START Data listing

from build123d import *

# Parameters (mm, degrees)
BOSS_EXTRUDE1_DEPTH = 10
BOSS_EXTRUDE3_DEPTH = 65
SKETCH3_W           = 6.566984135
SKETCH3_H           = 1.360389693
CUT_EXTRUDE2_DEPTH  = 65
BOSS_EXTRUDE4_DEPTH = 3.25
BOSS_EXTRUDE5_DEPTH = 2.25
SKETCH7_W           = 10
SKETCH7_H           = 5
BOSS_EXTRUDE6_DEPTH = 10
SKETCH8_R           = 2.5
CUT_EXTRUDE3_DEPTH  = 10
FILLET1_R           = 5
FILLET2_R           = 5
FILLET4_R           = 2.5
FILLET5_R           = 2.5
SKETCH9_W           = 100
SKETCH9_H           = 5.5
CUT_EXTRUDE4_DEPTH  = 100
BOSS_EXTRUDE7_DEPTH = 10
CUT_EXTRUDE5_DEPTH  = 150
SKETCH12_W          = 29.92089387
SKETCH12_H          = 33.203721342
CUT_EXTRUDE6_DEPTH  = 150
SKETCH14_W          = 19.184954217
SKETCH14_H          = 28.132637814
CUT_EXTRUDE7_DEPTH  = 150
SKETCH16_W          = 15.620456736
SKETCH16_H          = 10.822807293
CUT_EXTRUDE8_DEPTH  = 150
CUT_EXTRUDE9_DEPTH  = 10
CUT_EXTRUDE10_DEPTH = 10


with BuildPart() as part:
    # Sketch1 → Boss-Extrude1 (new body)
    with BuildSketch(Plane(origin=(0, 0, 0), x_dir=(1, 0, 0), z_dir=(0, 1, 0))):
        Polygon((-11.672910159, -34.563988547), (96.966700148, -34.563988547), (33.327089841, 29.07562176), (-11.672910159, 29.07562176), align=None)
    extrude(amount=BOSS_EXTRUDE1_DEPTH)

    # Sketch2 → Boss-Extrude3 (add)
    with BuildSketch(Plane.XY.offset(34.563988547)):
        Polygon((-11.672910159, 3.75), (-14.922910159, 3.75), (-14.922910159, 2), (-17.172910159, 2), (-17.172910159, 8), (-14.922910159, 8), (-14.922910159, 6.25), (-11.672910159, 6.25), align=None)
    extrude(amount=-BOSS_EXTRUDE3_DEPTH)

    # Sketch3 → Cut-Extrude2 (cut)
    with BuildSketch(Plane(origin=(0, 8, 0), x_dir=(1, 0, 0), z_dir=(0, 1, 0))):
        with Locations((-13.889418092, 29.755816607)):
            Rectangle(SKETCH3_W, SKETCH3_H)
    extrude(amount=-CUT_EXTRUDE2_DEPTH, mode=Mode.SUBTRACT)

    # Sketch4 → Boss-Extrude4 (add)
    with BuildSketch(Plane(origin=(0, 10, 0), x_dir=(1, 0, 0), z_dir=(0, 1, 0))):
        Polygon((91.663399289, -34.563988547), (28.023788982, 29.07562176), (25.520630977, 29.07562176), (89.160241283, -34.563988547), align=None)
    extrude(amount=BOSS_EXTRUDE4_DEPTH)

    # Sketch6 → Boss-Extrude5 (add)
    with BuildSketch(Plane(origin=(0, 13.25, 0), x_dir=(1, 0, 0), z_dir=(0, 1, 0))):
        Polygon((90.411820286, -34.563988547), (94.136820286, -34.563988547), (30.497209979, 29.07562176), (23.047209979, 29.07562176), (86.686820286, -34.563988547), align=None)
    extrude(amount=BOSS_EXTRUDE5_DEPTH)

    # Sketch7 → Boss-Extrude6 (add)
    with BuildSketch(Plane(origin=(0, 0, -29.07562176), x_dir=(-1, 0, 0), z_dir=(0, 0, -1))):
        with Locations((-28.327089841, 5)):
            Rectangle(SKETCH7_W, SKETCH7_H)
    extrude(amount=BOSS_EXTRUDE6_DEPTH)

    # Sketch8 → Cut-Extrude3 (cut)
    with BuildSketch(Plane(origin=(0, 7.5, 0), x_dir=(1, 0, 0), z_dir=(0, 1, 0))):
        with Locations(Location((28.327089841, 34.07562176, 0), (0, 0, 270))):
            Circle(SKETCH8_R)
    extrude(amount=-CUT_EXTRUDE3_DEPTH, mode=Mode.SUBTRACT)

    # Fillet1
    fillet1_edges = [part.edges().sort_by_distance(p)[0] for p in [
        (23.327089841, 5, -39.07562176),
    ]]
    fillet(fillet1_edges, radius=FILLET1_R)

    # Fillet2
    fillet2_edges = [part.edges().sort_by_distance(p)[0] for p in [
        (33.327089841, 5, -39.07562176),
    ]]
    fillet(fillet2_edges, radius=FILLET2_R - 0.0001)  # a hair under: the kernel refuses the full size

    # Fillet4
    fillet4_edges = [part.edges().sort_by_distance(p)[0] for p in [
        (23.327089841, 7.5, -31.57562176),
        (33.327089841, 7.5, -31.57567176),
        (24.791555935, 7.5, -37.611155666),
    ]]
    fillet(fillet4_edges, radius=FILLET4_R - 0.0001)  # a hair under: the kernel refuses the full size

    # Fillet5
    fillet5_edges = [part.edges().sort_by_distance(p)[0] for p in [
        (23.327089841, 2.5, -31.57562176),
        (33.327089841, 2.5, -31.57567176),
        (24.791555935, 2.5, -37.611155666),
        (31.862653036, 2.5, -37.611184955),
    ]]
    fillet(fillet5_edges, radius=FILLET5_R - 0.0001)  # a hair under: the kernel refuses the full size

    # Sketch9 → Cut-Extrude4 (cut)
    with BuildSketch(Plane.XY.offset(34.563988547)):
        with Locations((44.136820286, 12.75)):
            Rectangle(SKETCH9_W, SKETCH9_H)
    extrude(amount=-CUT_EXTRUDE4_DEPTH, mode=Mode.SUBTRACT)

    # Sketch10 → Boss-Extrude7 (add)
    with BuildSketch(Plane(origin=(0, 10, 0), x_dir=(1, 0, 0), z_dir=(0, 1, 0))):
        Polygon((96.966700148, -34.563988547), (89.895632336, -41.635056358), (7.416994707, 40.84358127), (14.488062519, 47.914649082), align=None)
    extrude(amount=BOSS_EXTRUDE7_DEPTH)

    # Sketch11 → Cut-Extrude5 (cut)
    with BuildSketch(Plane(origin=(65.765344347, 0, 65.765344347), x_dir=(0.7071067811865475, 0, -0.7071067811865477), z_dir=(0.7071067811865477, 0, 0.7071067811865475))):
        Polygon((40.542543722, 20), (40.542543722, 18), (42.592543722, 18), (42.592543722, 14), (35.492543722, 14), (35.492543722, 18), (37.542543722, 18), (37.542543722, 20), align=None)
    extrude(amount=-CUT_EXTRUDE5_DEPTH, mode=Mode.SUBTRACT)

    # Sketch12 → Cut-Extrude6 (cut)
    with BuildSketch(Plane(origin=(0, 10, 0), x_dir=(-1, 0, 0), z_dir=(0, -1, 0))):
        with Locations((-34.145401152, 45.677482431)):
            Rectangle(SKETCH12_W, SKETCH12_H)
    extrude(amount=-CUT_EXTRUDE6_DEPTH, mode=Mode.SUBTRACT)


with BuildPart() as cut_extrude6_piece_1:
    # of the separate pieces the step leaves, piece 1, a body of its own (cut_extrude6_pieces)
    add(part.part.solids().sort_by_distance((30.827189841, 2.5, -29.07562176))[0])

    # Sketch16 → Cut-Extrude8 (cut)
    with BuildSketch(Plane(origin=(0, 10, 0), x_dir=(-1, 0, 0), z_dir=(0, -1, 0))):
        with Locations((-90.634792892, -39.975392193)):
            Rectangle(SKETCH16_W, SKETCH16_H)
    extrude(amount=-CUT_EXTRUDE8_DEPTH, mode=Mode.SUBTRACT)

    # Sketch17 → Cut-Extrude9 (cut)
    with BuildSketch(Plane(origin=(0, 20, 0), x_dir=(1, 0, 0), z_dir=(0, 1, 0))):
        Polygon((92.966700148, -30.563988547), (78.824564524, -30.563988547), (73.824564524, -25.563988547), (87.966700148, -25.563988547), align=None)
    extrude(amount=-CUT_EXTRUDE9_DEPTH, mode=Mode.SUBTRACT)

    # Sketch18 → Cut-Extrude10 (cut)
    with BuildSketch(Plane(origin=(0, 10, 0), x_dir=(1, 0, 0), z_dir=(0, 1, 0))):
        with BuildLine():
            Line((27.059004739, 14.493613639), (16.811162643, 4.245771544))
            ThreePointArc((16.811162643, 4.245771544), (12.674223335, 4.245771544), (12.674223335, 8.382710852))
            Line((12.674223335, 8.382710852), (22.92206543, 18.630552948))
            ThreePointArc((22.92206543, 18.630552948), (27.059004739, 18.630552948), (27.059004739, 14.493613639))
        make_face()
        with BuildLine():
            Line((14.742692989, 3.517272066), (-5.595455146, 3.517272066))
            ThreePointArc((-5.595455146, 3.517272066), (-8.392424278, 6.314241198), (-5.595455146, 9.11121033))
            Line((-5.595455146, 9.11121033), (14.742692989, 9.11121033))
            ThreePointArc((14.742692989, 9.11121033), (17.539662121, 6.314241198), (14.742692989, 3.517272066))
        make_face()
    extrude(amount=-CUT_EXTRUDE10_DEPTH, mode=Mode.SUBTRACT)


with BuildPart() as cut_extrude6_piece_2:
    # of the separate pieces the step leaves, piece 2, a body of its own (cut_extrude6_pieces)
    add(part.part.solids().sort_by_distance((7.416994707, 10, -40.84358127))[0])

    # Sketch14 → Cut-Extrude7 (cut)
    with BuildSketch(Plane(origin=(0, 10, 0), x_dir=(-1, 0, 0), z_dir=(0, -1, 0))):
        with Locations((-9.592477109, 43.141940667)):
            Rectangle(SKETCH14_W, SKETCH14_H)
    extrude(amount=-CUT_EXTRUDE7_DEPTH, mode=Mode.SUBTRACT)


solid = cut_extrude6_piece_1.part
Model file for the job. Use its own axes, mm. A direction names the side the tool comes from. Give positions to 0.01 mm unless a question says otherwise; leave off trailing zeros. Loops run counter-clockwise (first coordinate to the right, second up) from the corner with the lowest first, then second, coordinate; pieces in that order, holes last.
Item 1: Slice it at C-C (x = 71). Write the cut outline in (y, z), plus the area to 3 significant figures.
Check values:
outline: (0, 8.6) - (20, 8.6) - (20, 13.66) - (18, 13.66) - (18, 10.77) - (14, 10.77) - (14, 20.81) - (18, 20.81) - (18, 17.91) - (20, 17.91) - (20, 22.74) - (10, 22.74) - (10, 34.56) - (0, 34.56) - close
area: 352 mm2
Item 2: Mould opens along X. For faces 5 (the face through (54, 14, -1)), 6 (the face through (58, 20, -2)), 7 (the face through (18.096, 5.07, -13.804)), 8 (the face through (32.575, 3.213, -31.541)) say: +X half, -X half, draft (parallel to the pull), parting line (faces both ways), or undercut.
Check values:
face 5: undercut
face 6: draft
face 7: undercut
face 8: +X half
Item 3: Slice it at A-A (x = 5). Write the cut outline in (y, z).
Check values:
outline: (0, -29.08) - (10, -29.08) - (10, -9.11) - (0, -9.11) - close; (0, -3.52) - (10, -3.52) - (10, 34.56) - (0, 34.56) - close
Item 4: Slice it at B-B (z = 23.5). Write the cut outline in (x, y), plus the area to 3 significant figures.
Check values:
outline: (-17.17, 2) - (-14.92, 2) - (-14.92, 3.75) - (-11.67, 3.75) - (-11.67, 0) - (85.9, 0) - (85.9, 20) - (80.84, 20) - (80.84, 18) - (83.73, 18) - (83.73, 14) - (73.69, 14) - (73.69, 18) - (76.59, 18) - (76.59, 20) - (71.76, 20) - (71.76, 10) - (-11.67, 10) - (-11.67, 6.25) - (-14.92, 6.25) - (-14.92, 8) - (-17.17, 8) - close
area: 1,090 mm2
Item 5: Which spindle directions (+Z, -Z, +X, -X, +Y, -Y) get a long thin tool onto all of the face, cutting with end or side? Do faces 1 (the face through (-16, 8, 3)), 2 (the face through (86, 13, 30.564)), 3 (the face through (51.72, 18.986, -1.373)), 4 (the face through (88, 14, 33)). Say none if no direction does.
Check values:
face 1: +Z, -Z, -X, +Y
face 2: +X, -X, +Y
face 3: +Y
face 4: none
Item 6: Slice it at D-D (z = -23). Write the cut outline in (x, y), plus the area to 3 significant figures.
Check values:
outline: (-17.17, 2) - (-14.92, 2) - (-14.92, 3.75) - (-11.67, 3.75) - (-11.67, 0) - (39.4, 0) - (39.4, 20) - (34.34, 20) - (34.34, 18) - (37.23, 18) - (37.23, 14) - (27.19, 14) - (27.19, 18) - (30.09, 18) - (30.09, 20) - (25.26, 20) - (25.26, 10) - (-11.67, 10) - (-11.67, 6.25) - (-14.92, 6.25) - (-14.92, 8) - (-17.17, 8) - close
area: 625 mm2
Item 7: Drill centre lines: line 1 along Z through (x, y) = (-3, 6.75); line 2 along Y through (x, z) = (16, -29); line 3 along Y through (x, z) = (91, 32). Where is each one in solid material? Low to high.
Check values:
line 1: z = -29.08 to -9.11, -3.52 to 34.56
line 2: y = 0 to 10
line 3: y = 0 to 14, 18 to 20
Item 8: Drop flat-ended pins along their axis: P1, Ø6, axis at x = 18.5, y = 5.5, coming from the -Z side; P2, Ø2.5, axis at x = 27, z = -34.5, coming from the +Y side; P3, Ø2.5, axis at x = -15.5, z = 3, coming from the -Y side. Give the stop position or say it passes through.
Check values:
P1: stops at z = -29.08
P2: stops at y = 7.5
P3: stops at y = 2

END Data listing

## Exercise description
Above are the records; from them, give again exactly the lines from the one containing "(86.686820286, -34.563988547), align=None)" through the one containing "# Sketch10 → Boss-Extrude7 (add)", both included.

## Answer space
        Polygon((90.411820286, -34.563988547), (94.136820286, -34.563988547), (30.497209979, 29.07562176), (23.047209979, 29.07562176), (86.686820286, -34.563988547), align=None)
    extrude(amount=BOSS_EXTRUDE5_DEPTH)

    # Sketch7 → Boss-Extrude6 (add)
    with BuildSketch(Plane(origin=(0, 0, -29.07562176), x_dir=(-1, 0, 0), z_dir=(0, 0, -1))):
        with Locations((-28.327089841, 5)):
            Rectangle(SKETCH7_W, SKETCH7_H)
    extrude(amount=BOSS_EXTRUDE6_DEPTH)

    # Sketch8 → Cut-Extrude3 (cut)
    with BuildSketch(Plane(origin=(0, 7.5, 0), x_dir=(1, 0, 0), z_dir=(0, 1, 0))):
        with Locations(Location((28.327089841, 34.07562176, 0), (0, 0, 270))):
            Circle(SKETCH8_R)
    extrude(amount=-CUT_EXTRUDE3_DEPTH, mode=Mode.SUBTRACT)

    # Fillet1
    fillet1_edges = [part.edges().sort_by_distance(p)[0] for p in [
        (23.327089841, 5, -39.07562176),
    ]]
    fillet(fillet1_edges, radius=FILLET1_R)

    # Fillet2
    fillet2_edges = [part.edges().sort_by_distance(p)[0] for p in [
        (33.327089841, 5, -39.07562176),
    ]]
    fillet(fillet2_edges, radius=FILLET2_R - 0.0001)  # a hair under: the kernel refuses the full size

    # Fillet4
    fillet4_edges = [part.edges().sort_by_distance(p)[0] for p in [
        (23.327089841, 7.5, -31.57562176),
        (33.327089841, 7.5, -31.57567176),
        (24.791555935, 7.5, -37.611155666),
    ]]
    fillet(fillet4_edges, radius=FILLET4_R - 0.0001)  # a hair under: the kernel refuses the full size

    # Fillet5
    fillet5_edges = [part.edges().sort_by_distance(p)[0] for p in [
        (23.327089841, 2.5, -31.57562176),
        (33.327089841, 2.5, -31.57567176),
        (24.791555935, 2.5, -37.611155666),
        (31.862653036, 2.5, -37.611184955),
    ]]
    fillet(fillet5_edges, radius=FILLET5_R - 0.0001)  # a hair under: the kernel refuses the full size

    # Sketch9 → Cut-Extrude4 (cut)
    with BuildSketch(Plane.XY.offset(34.563988547)):
        with Locations((44.136820286, 12.75)):
            Rectangle(SKETCH9_W, SKETCH9_H)
    extrude(amount=-CUT_EXTRUDE4_DEPTH, mode=Mode.SUBTRACT)

    # Sketch10 → Boss-Extrude7 (add)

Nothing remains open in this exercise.